Sepanjang pagi itu, Xia Chao hanya menjadi samsak tinju.
Qin Yan Jing memang layak disebut kultivator. Setiap pukulannya sangat terkontrol, selalu mengenai titik paling sakit, namun tidak menyebabkan cedera serius. Ia benar-benar merasakan derita luar biasa.
Ketika latihan selesai, tubuhnya sudah tergeletak di lantai, nyaris tak mampu bangkit.
Setelah berlatih seharian, Qin Yan Jing tidak tampak lelah, napasnya tetap teratur, bahkan tak meneteskan keringat. Ia masih terlihat segar bugar.
Melihat Xia Chao terkapar, ia menggeleng pelan, lalu mengangkatnya dengan satu tangan.
“Sudah cukup, kau sudah sampai batas. Latihan hari ini selesai.”
Ia baru hendak menyeret remaja itu keluar, tapi Xia Chao yang sudah lemas seperti bubur tiba-tiba meronta dan berkata,
“Lepaskan aku.”
Qin Yan Jing mengerutkan alis, tidak berniat menuruti.
Detik berikutnya, Xia Chao berkata pelan lagi.
“Lepaskan aku, biar aku berjalan sendiri.”
Qin Yan Jing menatapnya, lalu berkata dingin, “Tangan kakimu lemas, seluruh tubuhmu kaku. Dengan keadaanmu sekarang, berdiri saja tak sanggup, apalagi berjalan?”
“Kalau begitu, biarkan aku tetap di sini sampai bisa bergerak.”
Suara Xia Chao sangat lemah, namun ia tetap tegas.
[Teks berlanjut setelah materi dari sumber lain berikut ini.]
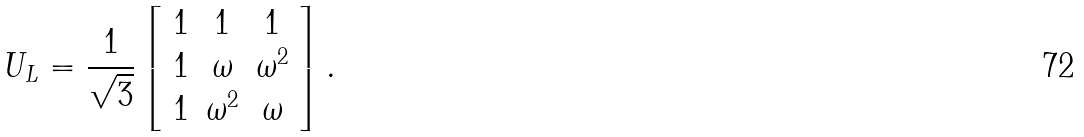<formula> <loc_0><loc_0><loc_500><loc_500>U _ { L } = { \frac { 1 } { \sqrt { 3 } } } \left [ \begin{array} { c c c } { 1 } & { 1 } & { 1 } \\ { 1 } & { \omega } & { { \omega ^ { 2 } } } \\ { 1 } & { { \omega ^ { 2 } } } & { \omega } \end{array} \right ] .</formula> 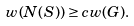<formula> <loc_0><loc_0><loc_500><loc_500>w ( N ( S ) ) \geq c w ( G ) .</formula> 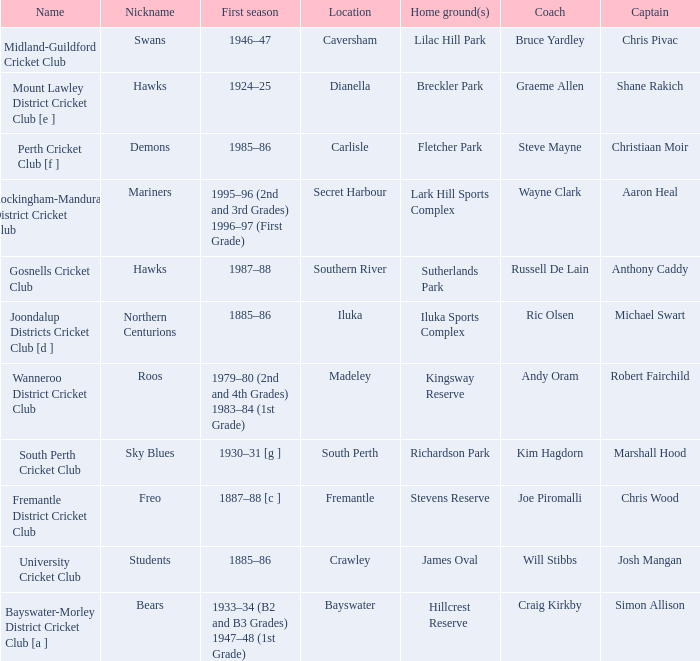What is the dates where Hillcrest Reserve is the home grounds? 1933–34 (B2 and B3 Grades) 1947–48 (1st Grade). 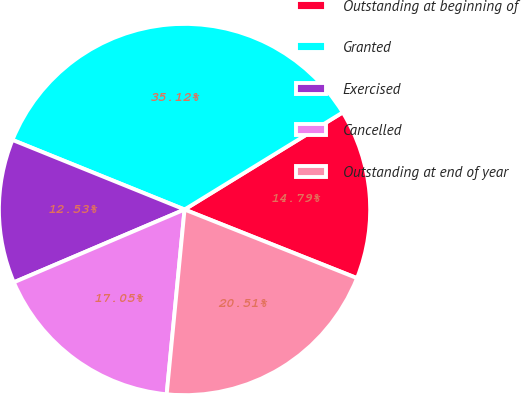Convert chart to OTSL. <chart><loc_0><loc_0><loc_500><loc_500><pie_chart><fcel>Outstanding at beginning of<fcel>Granted<fcel>Exercised<fcel>Cancelled<fcel>Outstanding at end of year<nl><fcel>14.79%<fcel>35.12%<fcel>12.53%<fcel>17.05%<fcel>20.51%<nl></chart> 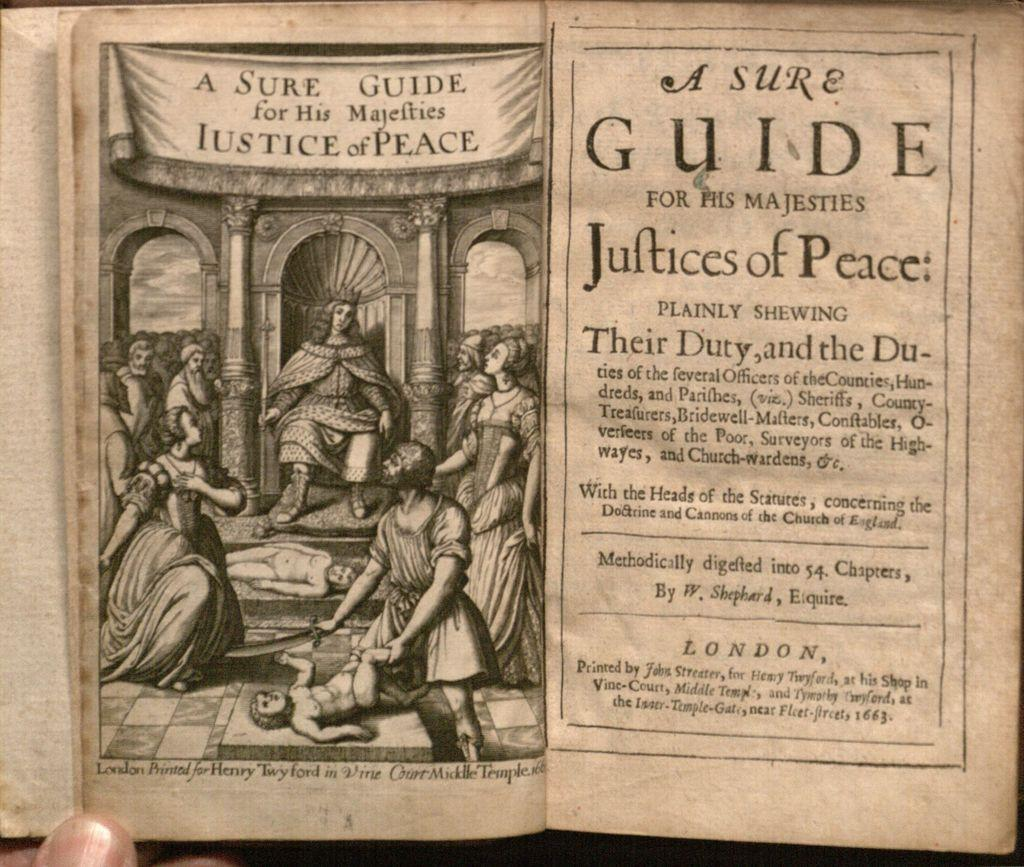What is the person in the image holding? The person is holding a book in the image. What else can be seen in the image besides the person and the book? There is there a paper with print in the image. What is depicted on the print of the paper? The print on the paper depicts people. Is there any text or writing on the paper? Yes, something is written on the paper. What type of cloth is draped over the sofa in the image? There is no sofa or cloth present in the image. 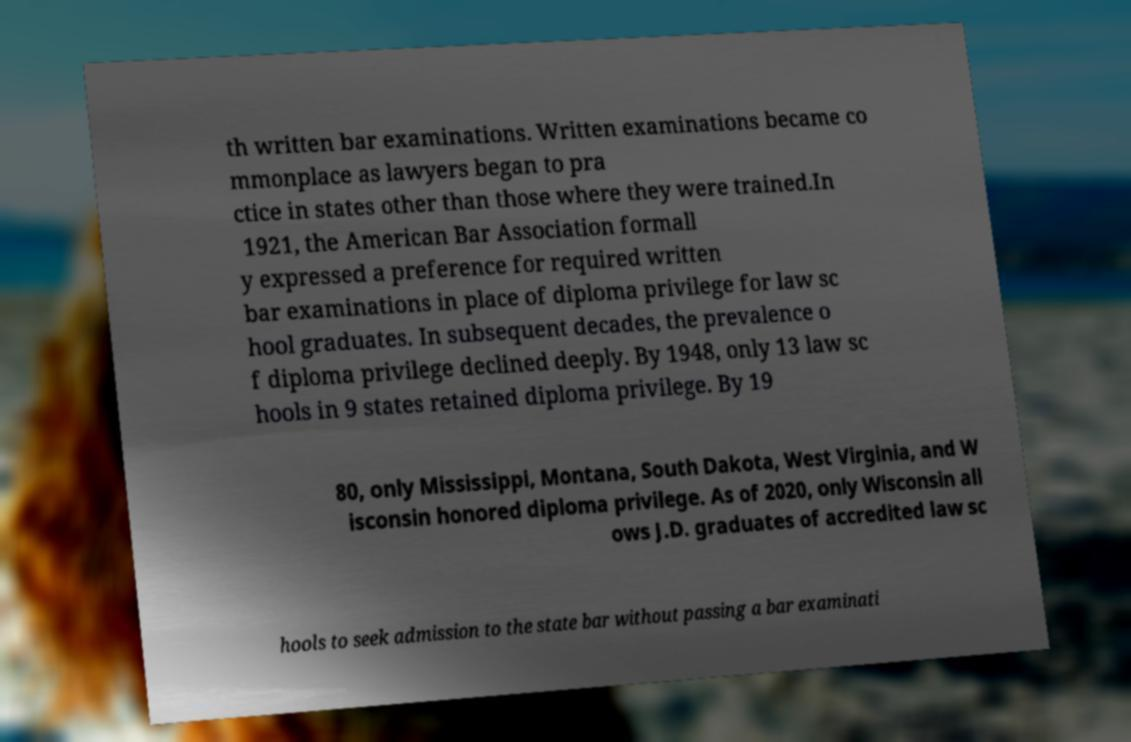Can you read and provide the text displayed in the image?This photo seems to have some interesting text. Can you extract and type it out for me? th written bar examinations. Written examinations became co mmonplace as lawyers began to pra ctice in states other than those where they were trained.In 1921, the American Bar Association formall y expressed a preference for required written bar examinations in place of diploma privilege for law sc hool graduates. In subsequent decades, the prevalence o f diploma privilege declined deeply. By 1948, only 13 law sc hools in 9 states retained diploma privilege. By 19 80, only Mississippi, Montana, South Dakota, West Virginia, and W isconsin honored diploma privilege. As of 2020, only Wisconsin all ows J.D. graduates of accredited law sc hools to seek admission to the state bar without passing a bar examinati

“Aku tidak suka dibawa seperti ini.”
Benar, ia memang tidak suka.
Sama seperti ketika Sun Zilong datang menantang, ia juga tidak memilih mundur. Di lubuk hatinya, Xia Chao menyimpan kebanggaan dan keuletan yang tak bisa dinodai siapa pun.
Harga diri itu kadang muncul tanpa sadar, seperti saat ia meraih nilai sempurna di ujian ilusi, lalu berkata bahwa ia ingin menonjolkan diri agar terhindar dari bahaya. Sebenarnya, itu karena rasa bangga yang tersembunyi.
Ia menolak terlihat lemah.
Dan lebih tak suka lagi diperlakukan seperti anak kecil yang diangkat begitu saja!
“Kau bangga, ya?”
Wajah Qin Yan Jing menunjukkan perubahan, pikirannya mulai bergerak.
“Tubuh lemah, sudah serapuh bubur. Dalam keadaan seperti ini pun menolak diangkat, punya kemauan sekeras ini... tidak buruk juga.”
Namun, Xia Chao malah menambahkan,
“Kalau ada yang bisa membawakan tandu, kurasa akan lebih baik.”
Qin Yan Jing tersenyum tipis.
Anak muda ini tidak bersikeras tanpa pertimbangan. Ia tahu menyesuaikan diri tanpa kehilangan harga diri, mampu mencari jalan lain. Bibit yang menarik, memang patut diperhatikan.